### Task requirements
Please say how many lines of the entries below contain the word "name", and leave out everything else.

:: Source material ::

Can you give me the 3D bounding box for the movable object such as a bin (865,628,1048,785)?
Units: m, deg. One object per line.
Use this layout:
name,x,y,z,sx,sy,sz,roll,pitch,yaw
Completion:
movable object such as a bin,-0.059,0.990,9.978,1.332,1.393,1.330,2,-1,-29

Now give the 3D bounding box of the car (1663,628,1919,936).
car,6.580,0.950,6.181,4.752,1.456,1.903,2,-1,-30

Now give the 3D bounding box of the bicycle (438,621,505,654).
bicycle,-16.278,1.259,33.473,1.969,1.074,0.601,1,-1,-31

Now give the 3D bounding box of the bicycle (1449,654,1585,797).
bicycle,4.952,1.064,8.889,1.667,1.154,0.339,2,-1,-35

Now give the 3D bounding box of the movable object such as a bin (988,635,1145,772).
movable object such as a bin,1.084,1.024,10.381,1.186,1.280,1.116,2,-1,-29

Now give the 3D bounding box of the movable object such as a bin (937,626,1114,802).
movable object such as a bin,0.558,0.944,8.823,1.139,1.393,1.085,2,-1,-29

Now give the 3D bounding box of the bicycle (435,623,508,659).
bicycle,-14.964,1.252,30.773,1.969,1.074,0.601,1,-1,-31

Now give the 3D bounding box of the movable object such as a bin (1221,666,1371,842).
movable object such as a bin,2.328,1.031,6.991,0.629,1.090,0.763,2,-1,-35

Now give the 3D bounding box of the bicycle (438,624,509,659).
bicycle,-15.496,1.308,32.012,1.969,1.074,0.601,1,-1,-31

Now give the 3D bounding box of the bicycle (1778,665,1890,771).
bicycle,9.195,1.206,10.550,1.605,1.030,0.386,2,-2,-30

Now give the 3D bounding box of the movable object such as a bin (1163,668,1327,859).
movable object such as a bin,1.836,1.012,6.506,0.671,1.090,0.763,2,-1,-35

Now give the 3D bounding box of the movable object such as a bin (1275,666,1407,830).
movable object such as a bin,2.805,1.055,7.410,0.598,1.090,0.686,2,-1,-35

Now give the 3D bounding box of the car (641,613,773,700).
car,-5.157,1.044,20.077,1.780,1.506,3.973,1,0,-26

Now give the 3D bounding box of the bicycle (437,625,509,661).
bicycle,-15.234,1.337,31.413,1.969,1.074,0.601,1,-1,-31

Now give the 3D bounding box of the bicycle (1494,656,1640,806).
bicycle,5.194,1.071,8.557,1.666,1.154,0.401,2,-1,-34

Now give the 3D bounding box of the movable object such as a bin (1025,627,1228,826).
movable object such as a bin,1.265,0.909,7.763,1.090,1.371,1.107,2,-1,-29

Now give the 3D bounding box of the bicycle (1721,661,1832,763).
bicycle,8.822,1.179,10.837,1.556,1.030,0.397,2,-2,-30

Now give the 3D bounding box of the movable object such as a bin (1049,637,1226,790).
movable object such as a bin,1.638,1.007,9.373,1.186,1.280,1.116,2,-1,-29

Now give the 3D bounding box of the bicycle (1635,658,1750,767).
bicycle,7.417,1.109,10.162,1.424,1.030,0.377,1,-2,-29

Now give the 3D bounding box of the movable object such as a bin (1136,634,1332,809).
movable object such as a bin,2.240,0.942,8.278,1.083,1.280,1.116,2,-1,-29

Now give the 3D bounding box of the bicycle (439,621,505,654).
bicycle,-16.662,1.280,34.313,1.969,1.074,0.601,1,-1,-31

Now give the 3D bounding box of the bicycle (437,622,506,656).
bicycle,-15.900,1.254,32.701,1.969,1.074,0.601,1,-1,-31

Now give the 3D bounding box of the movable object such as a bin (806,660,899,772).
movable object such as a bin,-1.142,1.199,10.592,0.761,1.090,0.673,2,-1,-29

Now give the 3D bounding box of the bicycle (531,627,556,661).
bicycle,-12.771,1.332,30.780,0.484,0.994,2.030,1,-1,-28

:::
:: Source material ::

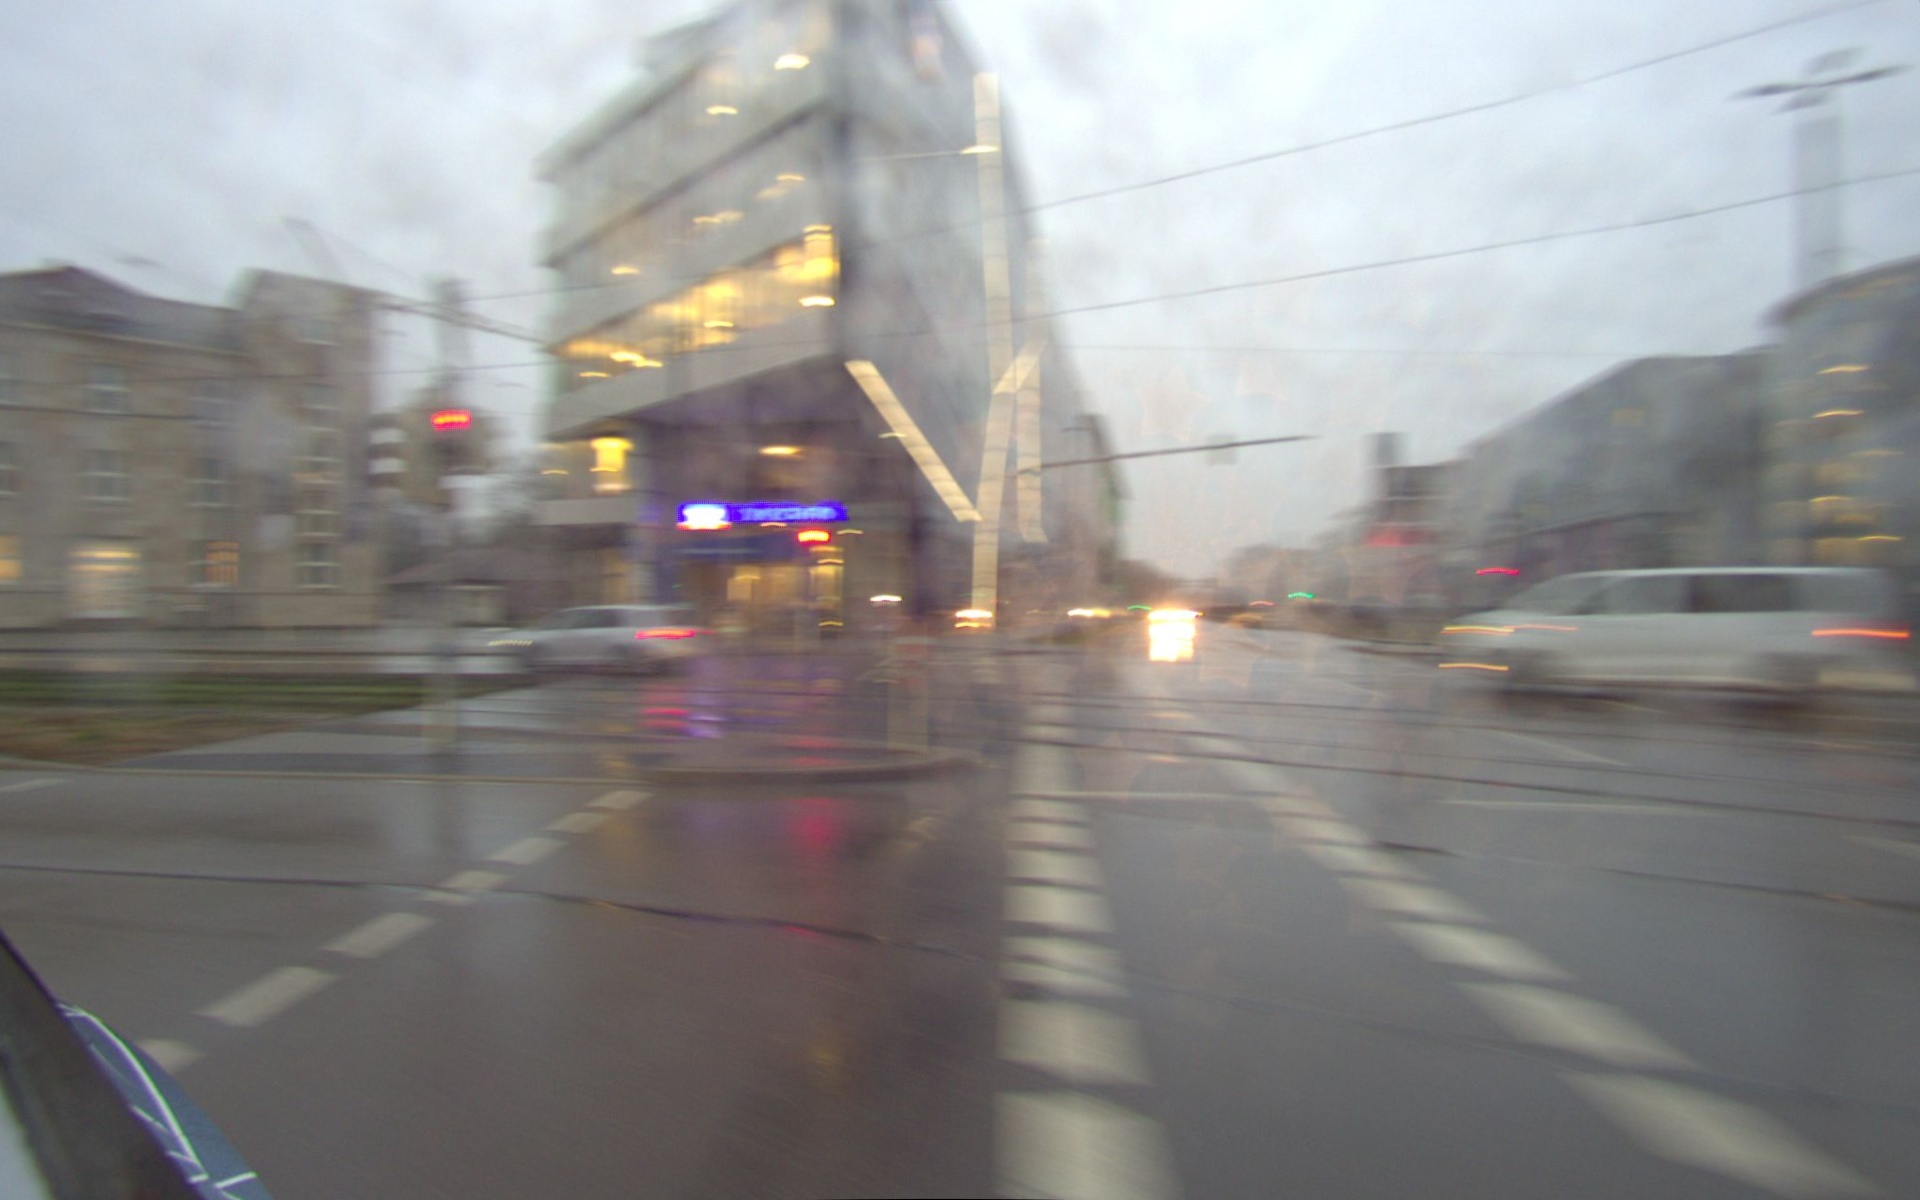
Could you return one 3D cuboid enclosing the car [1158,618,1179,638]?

:::
:: Source material ::

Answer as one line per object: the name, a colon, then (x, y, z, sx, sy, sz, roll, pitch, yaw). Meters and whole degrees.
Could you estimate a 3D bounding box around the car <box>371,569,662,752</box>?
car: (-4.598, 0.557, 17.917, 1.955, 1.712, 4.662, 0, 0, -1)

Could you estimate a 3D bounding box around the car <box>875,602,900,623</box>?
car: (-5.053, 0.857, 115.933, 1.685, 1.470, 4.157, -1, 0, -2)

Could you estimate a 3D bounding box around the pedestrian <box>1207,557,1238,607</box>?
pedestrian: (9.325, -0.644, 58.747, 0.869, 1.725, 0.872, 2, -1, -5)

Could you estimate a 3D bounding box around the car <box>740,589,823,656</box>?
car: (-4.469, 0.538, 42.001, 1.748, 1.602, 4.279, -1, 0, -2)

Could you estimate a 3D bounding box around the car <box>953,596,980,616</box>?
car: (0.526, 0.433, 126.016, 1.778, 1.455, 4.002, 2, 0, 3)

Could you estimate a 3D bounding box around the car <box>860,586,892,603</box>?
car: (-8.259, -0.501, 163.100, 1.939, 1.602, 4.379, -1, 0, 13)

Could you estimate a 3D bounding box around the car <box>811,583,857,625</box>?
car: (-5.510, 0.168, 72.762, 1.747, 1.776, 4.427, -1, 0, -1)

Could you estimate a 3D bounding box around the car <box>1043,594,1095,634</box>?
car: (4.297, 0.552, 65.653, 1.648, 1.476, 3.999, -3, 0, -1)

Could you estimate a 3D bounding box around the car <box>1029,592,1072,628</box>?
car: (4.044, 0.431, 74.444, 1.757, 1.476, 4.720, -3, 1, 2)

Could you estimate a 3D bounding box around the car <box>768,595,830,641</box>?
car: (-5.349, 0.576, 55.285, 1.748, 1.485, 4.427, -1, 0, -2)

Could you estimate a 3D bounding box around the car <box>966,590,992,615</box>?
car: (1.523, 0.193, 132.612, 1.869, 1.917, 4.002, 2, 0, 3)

:::

### Answer area
2